According to a third aspect of the present invention, an embodiment of the present invention provides a generator control apparatus coping with a plurality of input conditions, including: one or more processors; a memory; a program stored in the memory, which when executed by the one or more processors, causes the processors to perform the method as described in any of the embodiments of the first aspect and the first aspect above.

According to a fourth aspect of the present invention, an embodiment of the present invention provides a computer-readable storage medium, which stores a program, and when the program is executed by a processor, the program causes the processor to execute the method according to any one of the embodiments of the first aspect and the first aspect.

According to the method, the system, the equipment and the computer storage medium for controlling the generator, the output state and the output state table are defined in advance, so that the controller can directly acquire the output state by inquiring the output state according to the input instruction and the sampling voltage data, and the generator is controlled. On the basis of realizing the control of the generator, the program quantity of the controller is further simplified, so that the readability, the reliability and the maintainability of the program of the controller are improved. The controller program is more suitable for packaging, popularization and code reuse. Further, the control program can be continuously used when the input/output interface of the controller is expanded. In addition, the data processing capacity of the controller is reduced, the performance of the controller is optimized, and the cost is saved.

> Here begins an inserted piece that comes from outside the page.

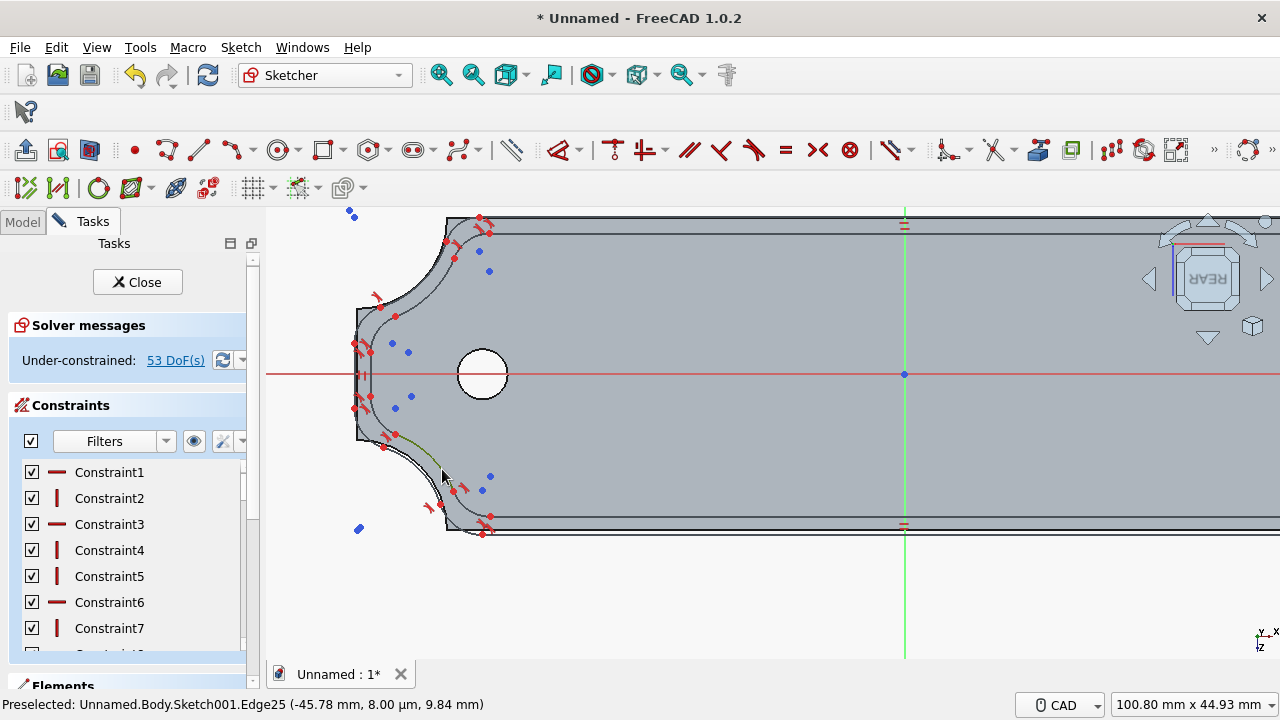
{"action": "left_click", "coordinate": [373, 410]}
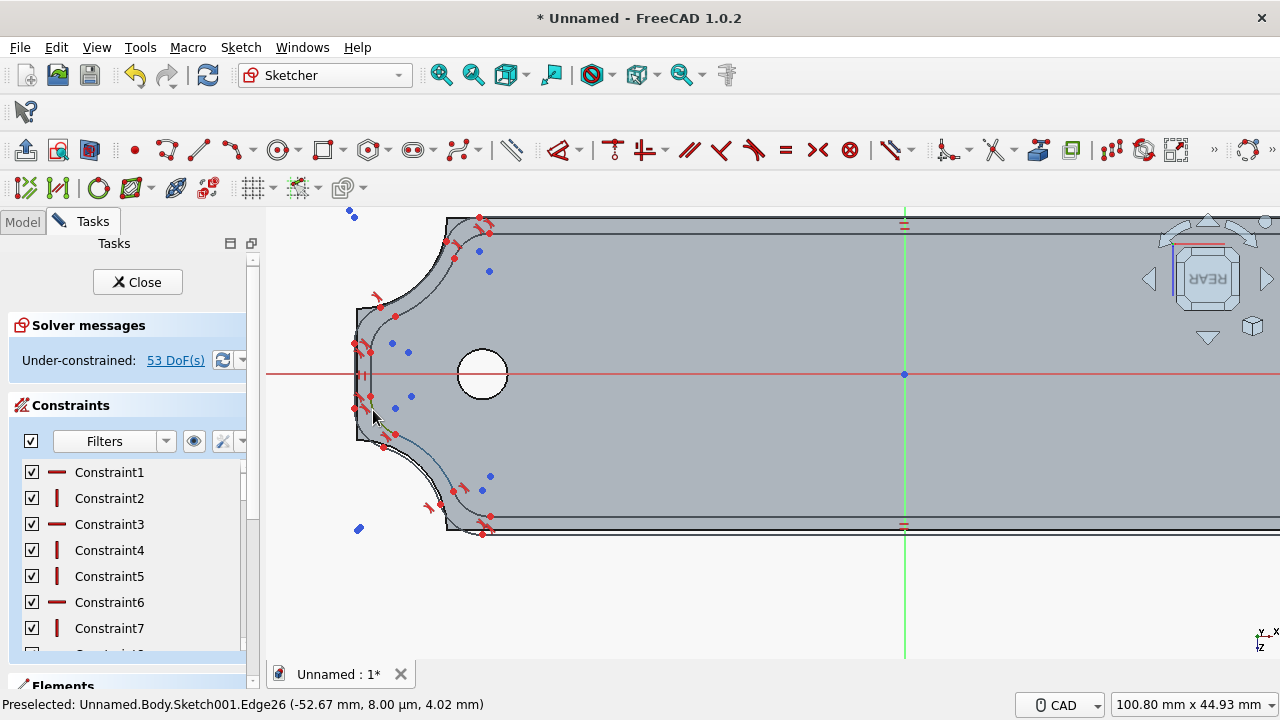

The foregoing description is only an overview of the technical solutions of the present invention, and the embodiments of the present invention are described below in order to make the technical means of the present invention more clearly understood and to make the above and other objects, features, and advantages of the present invention more clearly understandable.

Drawings

The above and other objects, features and advantages of exemplary embodiments of the present invention will become readily apparent from the following detailed description read in conjunction with the accompanying drawings. Several embodiments of the invention are illustrated by way of example, and not by way of limitation, in the figures of the accompanying drawings and in which:

fig. 1 is a schematic flow chart illustrating an implementation of a generator control method according to an embodiment of the present invention.

Fig. 2 shows a schematic configuration diagram of a generator control system coping with various input conditions in the embodiment of the present invention.

Fig. 3 shows a schematic diagram of an implementation of a generator control device coping with various input conditions according to an embodiment of the invention.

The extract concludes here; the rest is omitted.